Meet the woman behind ‘the Oscars of watchmaking’: director Carine Maillard on the GPHG’s journey to global recognition, celebrating the pinnacle of horological art
She was originally more invested in the art world, having studied Chinese art and medicine, but working in museums led her to the world of watchmaking
Over the past 23 years, the Grand Prix d’Horlogerie de Genève (GPHG) – supported not just by leading brands and watchmakers but luminaries across all sectors – has striven to celebrate the best in watchmaking. From its humble winning line-up of six watches in 2001, the GPHG grew to become a public interest foundation in 2011. It now comprises an academy of by-invite-only professionals across all segments of the industry: watchmakers, executives, retailers, journalists and more.
Each year ahead of the GPHG awards, the nominated watches are toured around the world; this year, their first stop was in Hong Kong. On display were 90 watches nominated across 15 categories, with a total of 21 awards up for grabs – one in each category, plus several overall awards including the Aiguille d’Or (Watch of the Year) and Special Jury Prize for a “personality, institution or initiative that has played a fundamental role in promoting high-quality watchmaking”.
At the helm of these initiatives is Carine Maillard, the head of Fondation du GPHG (the GPHG Foundation), who was in Hong Kong with the timepieces for the tour’s first stop. Born and raised in Switzerland, Maillard was originally more invested in the art world, having studied Chinese art and medicine.

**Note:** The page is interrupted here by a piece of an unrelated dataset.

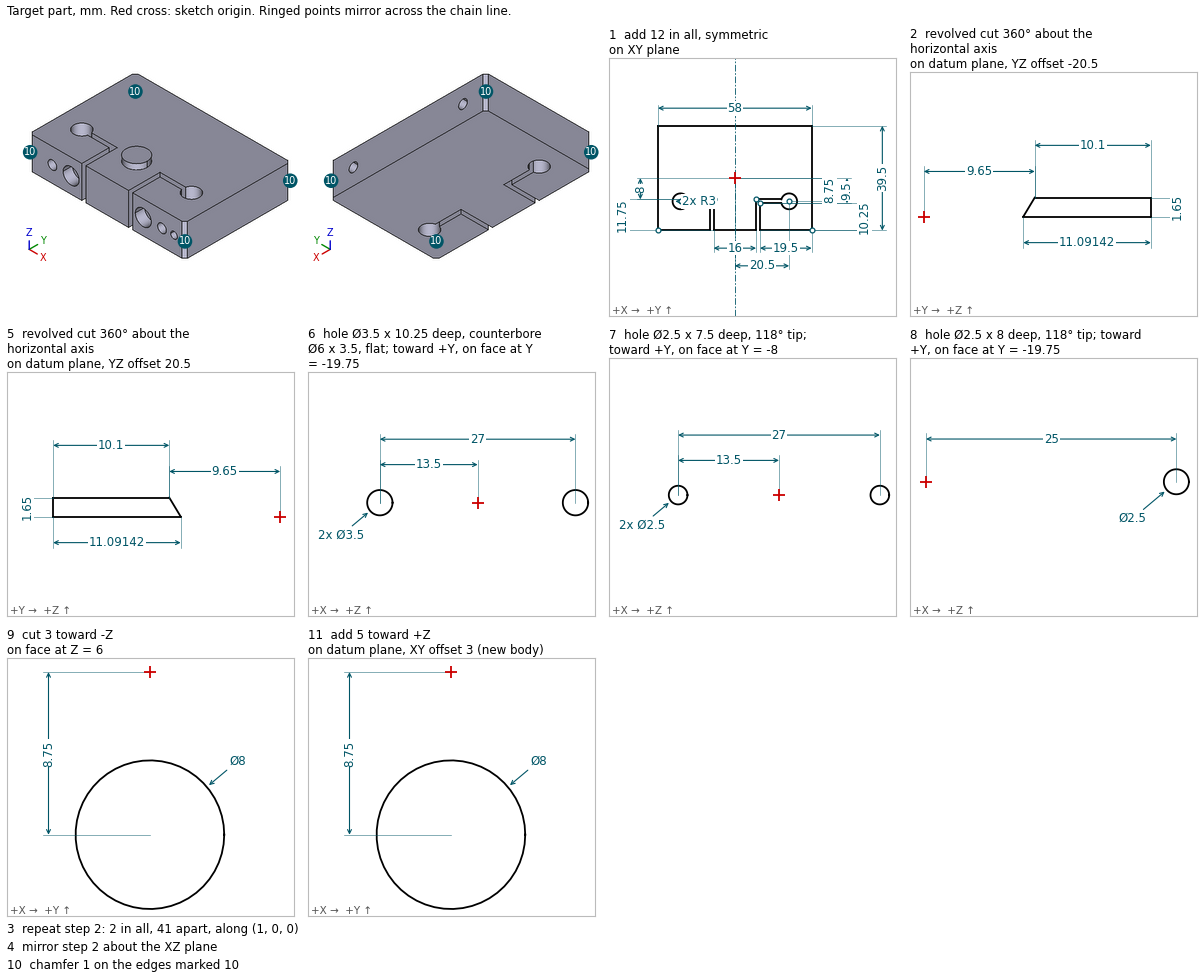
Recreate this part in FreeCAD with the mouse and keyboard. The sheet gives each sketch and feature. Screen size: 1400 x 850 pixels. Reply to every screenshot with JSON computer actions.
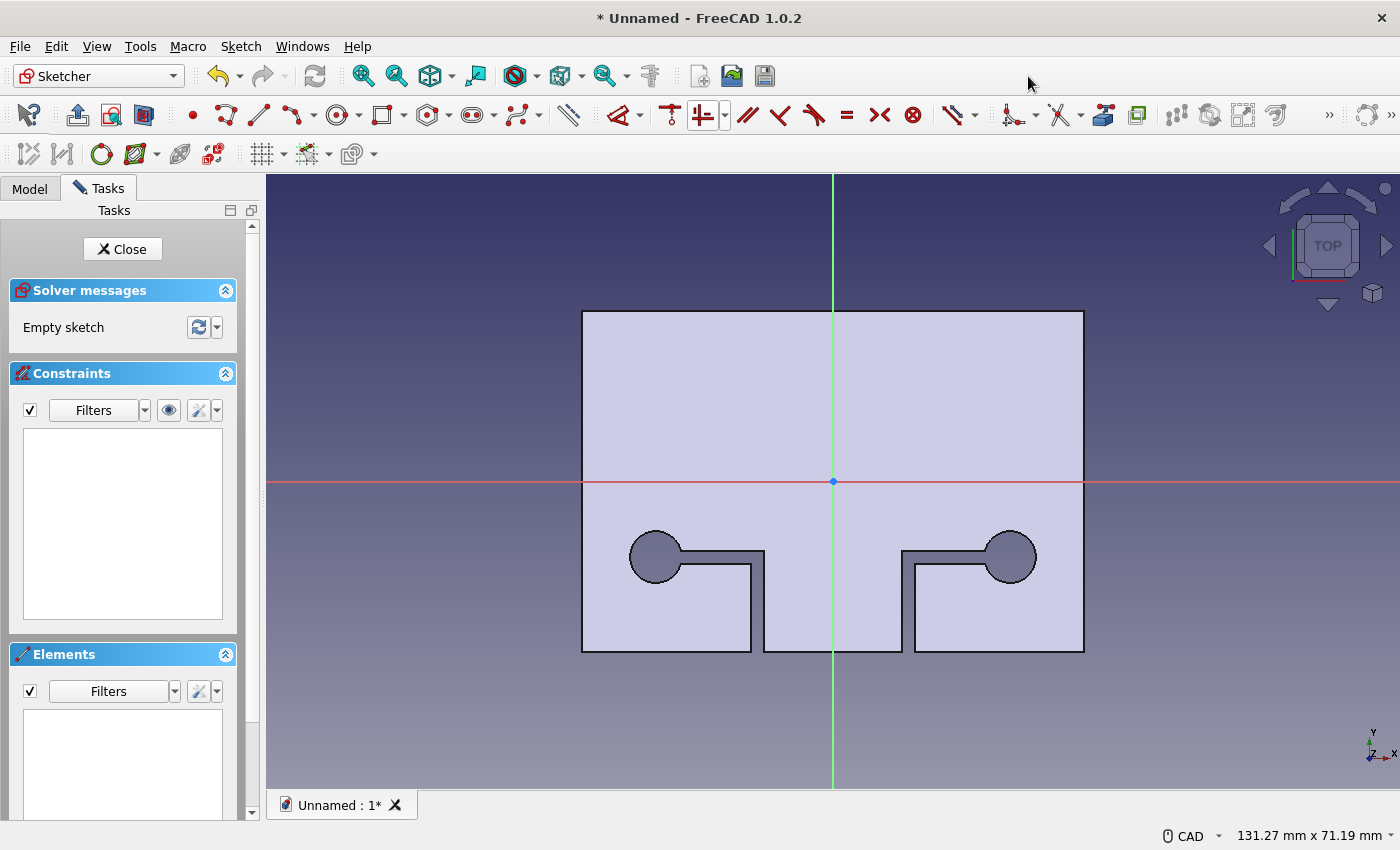
{"action": "scroll", "coordinate": [863, 560], "scroll_direction": "up", "scroll_amount": 6}

“At first, I was very much interested in Asian art,” she says. “Little by little, working in museums, I discovered the world of watchmaking. I wanted to organise exhibitions to show art to people because I think art is so important.”

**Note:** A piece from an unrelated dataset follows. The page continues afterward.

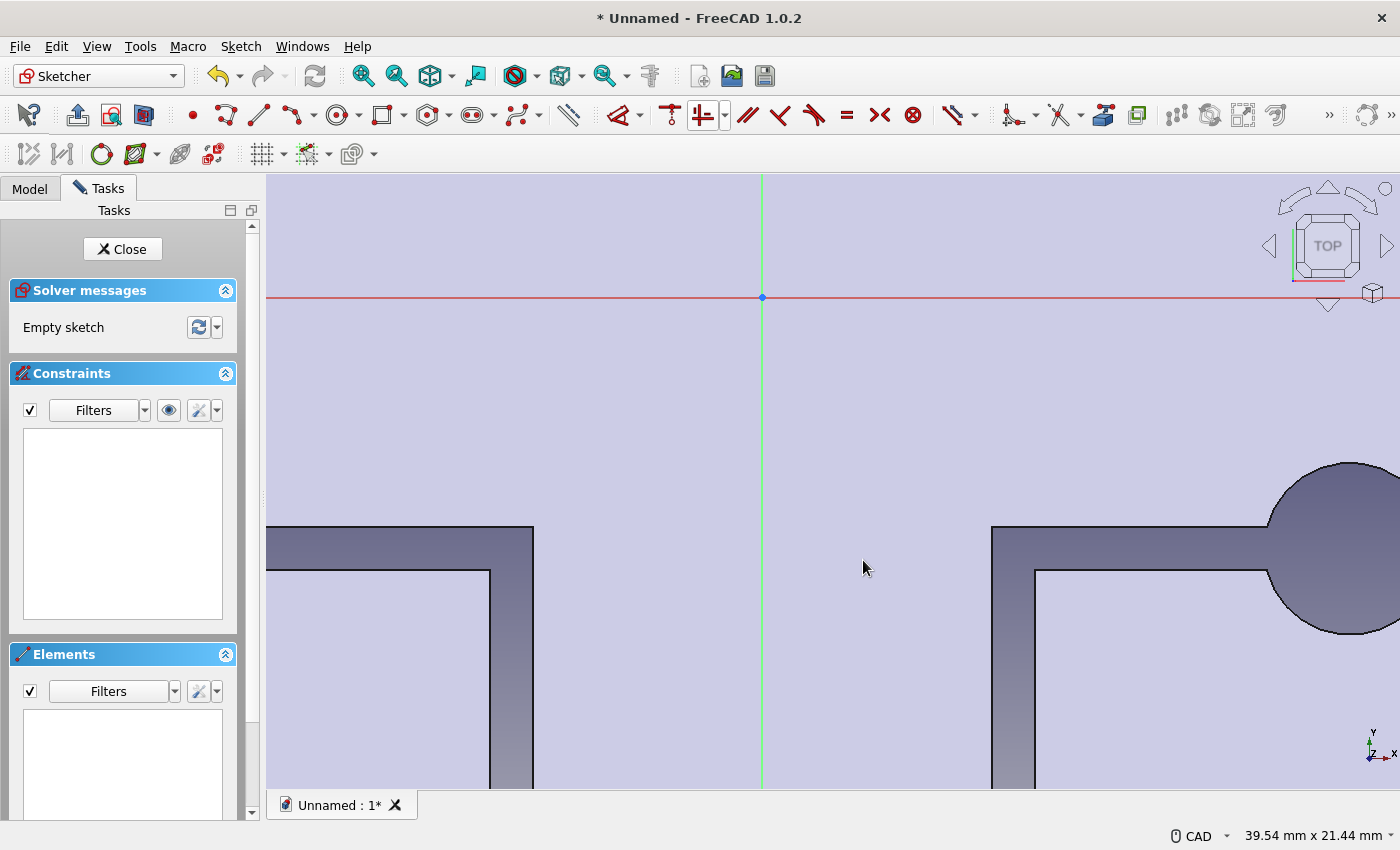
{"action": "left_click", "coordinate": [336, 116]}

Her passion for such projects translated well to high horology when she joined the late Carlo Lamprecht, a former Geneva state councillor, in starting the GPHG Foundation in 2011. Before then, the awards were a private initiative run by a group of journalists, she explains.

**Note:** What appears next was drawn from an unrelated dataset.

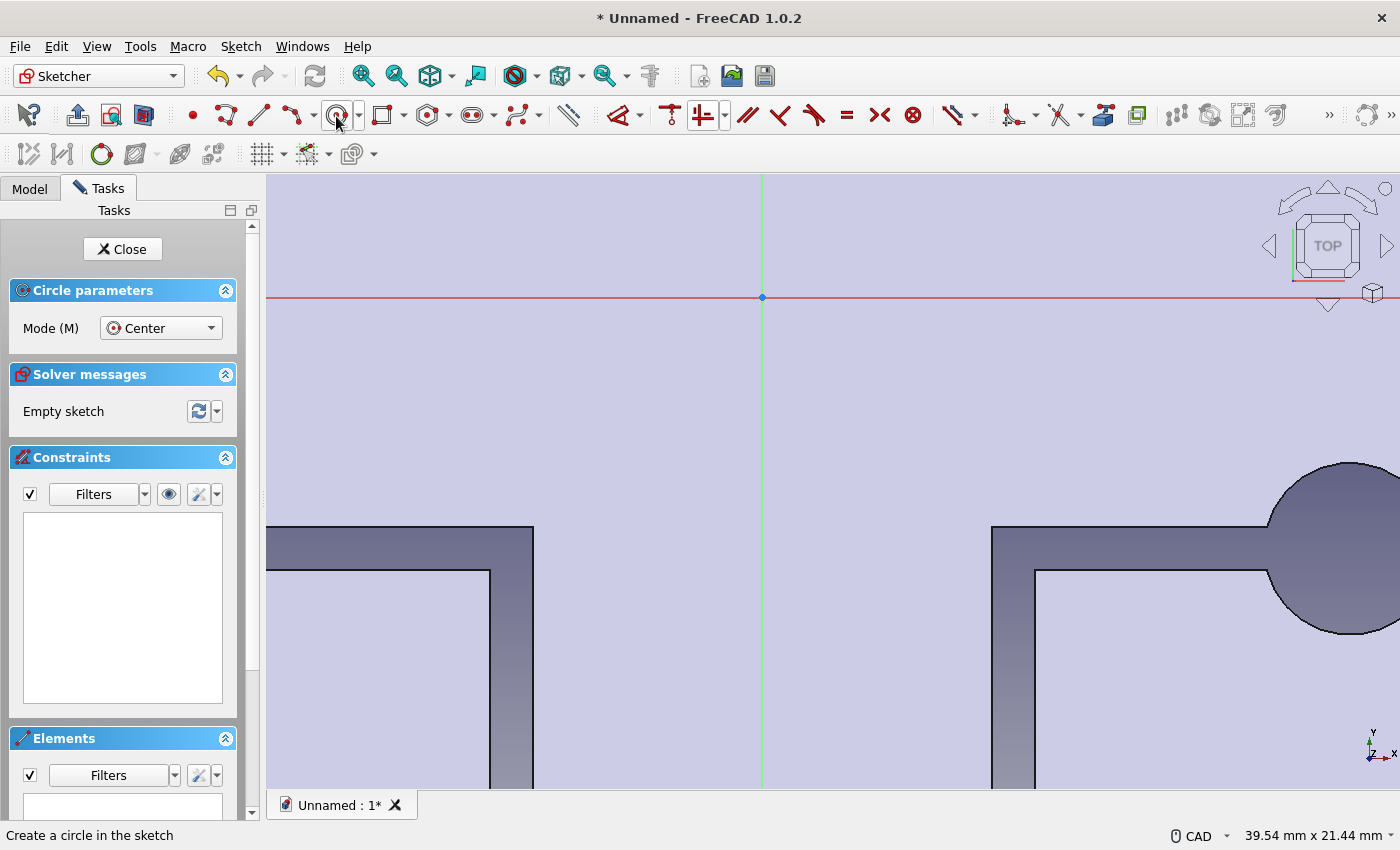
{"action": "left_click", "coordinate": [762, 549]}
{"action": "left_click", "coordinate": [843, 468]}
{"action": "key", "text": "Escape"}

“It was a great opportunity. I could really take something from the beginning and create, and art is about creating something,” Maillard says, adding that the aim was to create something akin to the Oscars of watchmaking. “Watchmakers are artists most of the time,” she opines.
Maillard points to the sprawling diversity of watch design on show at the annual awards. “You have watches for everybody … for if you like a very sober design, or if you like something with butterflies and flowers, or if you like a good story or technical achievement.”
The need to properly represent that diversity manifests in changing categories each year. The Time Only category was introduced this year to celebrate pieces less focused on complications and jewellery and more on design around a traditional three-hand watch face.